Segment Open

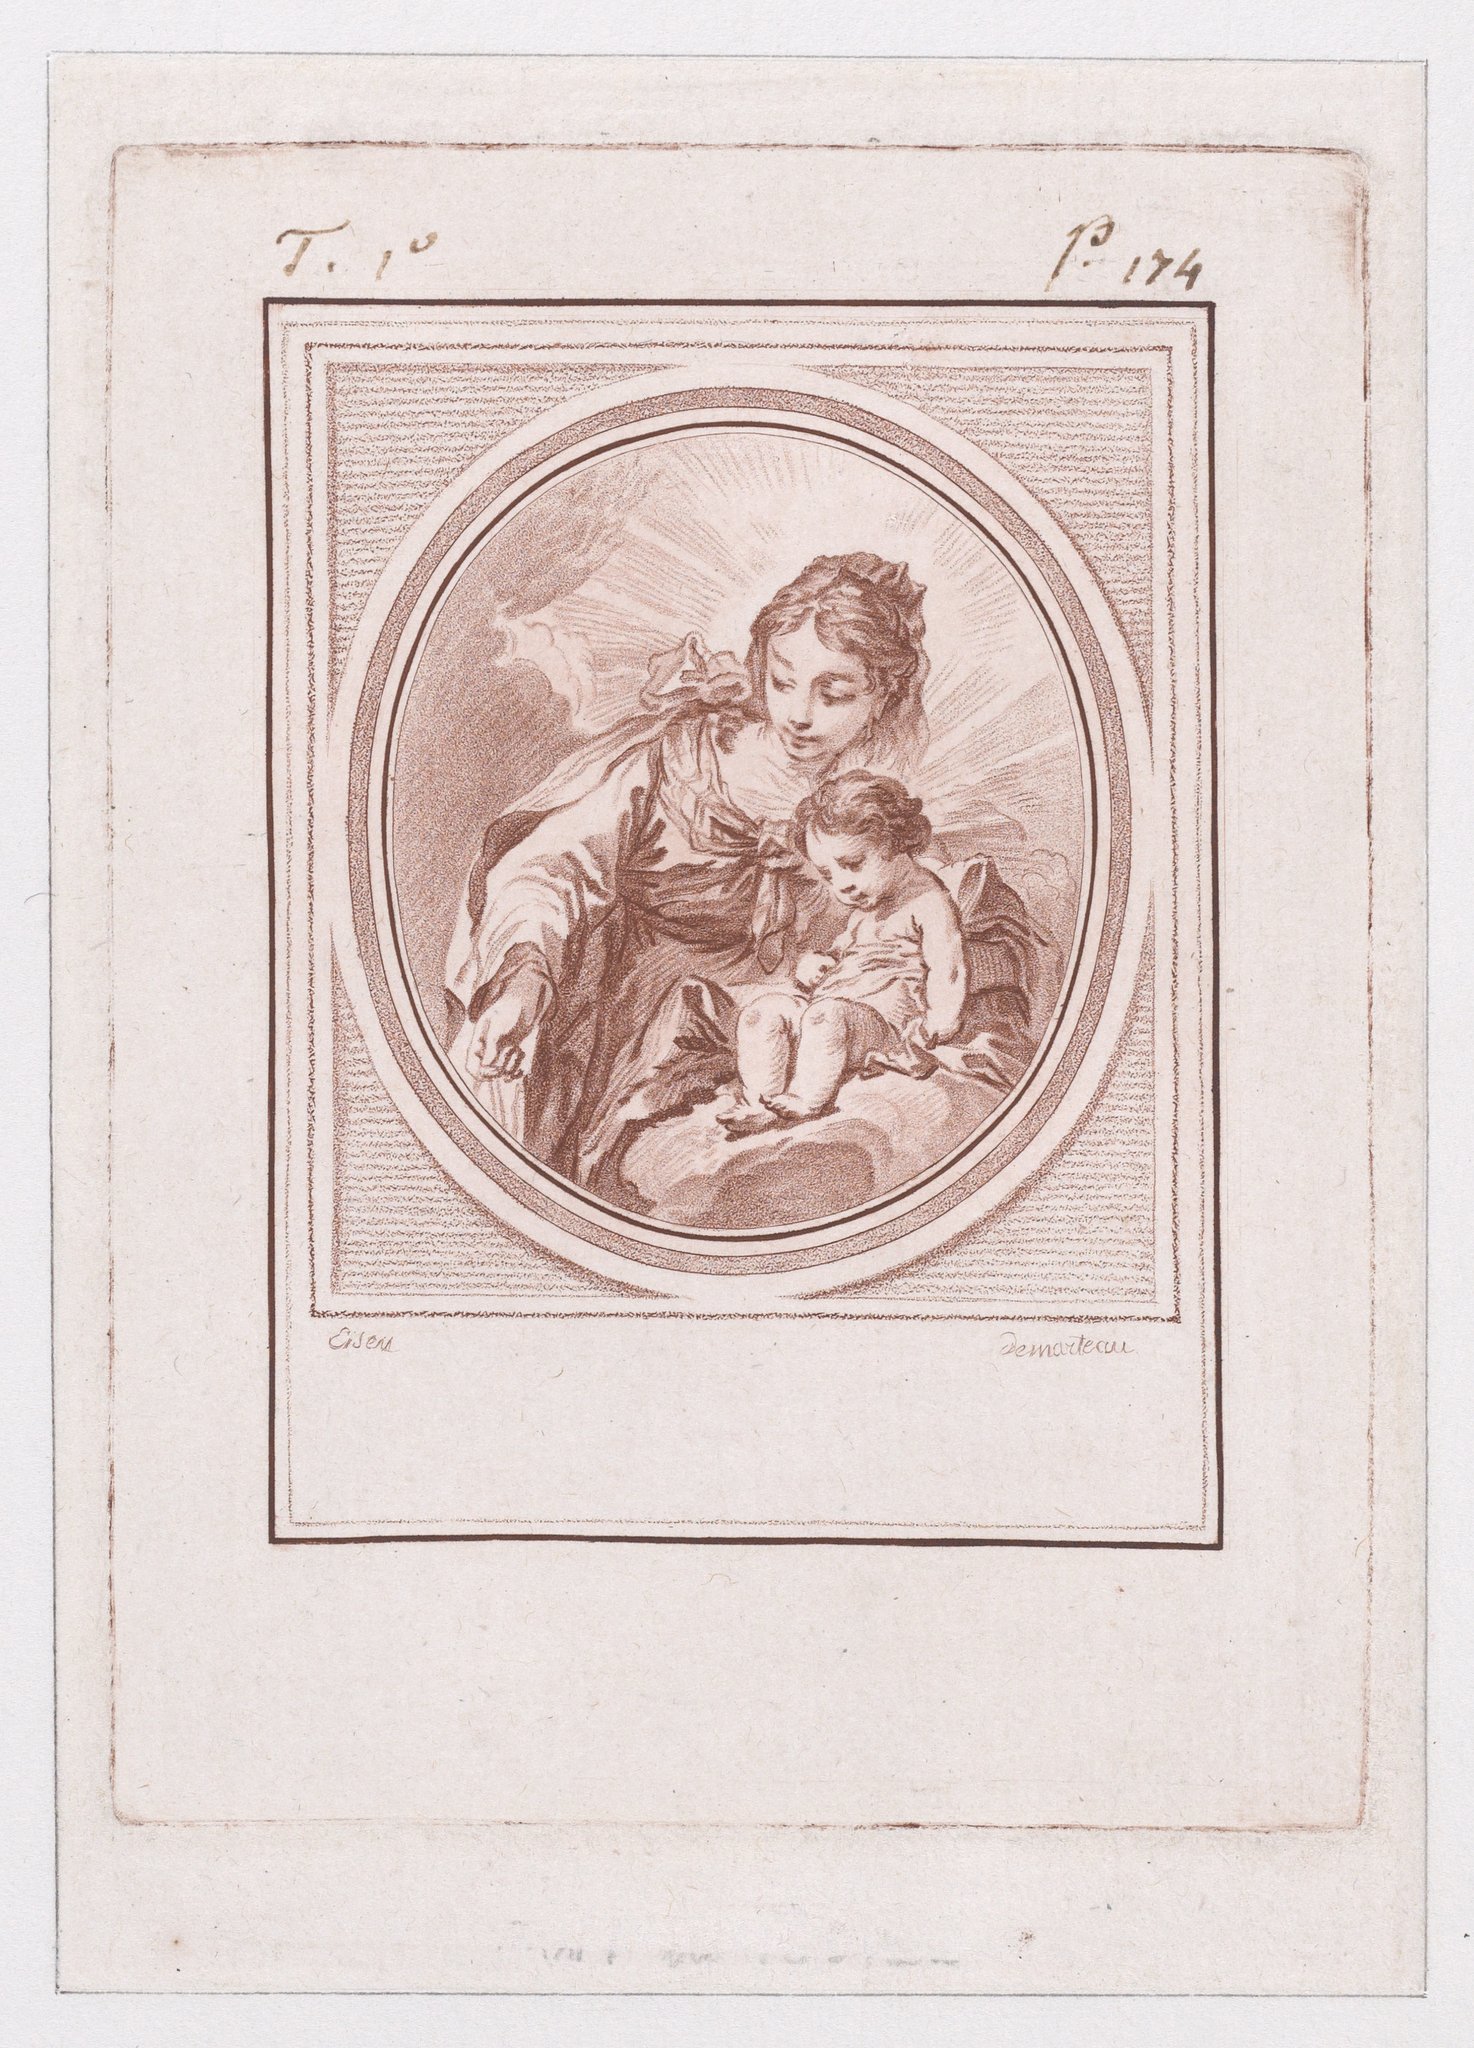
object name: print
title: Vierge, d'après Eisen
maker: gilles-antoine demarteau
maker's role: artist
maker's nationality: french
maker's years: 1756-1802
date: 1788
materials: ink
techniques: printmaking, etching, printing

Segment Closed

* WHAT IS REQUIRED
A faithful copy of all the entries is required, pictures excluded.

* RESULT OF THE EXERCISE
object name: print
title: Vierge, d'après Eisen
maker: gilles-antoine demarteau
maker's role: artist
maker's nationality: french
maker's years: 1756-1802
date: 1788
materials: ink
techniques: printmaking, etching, printing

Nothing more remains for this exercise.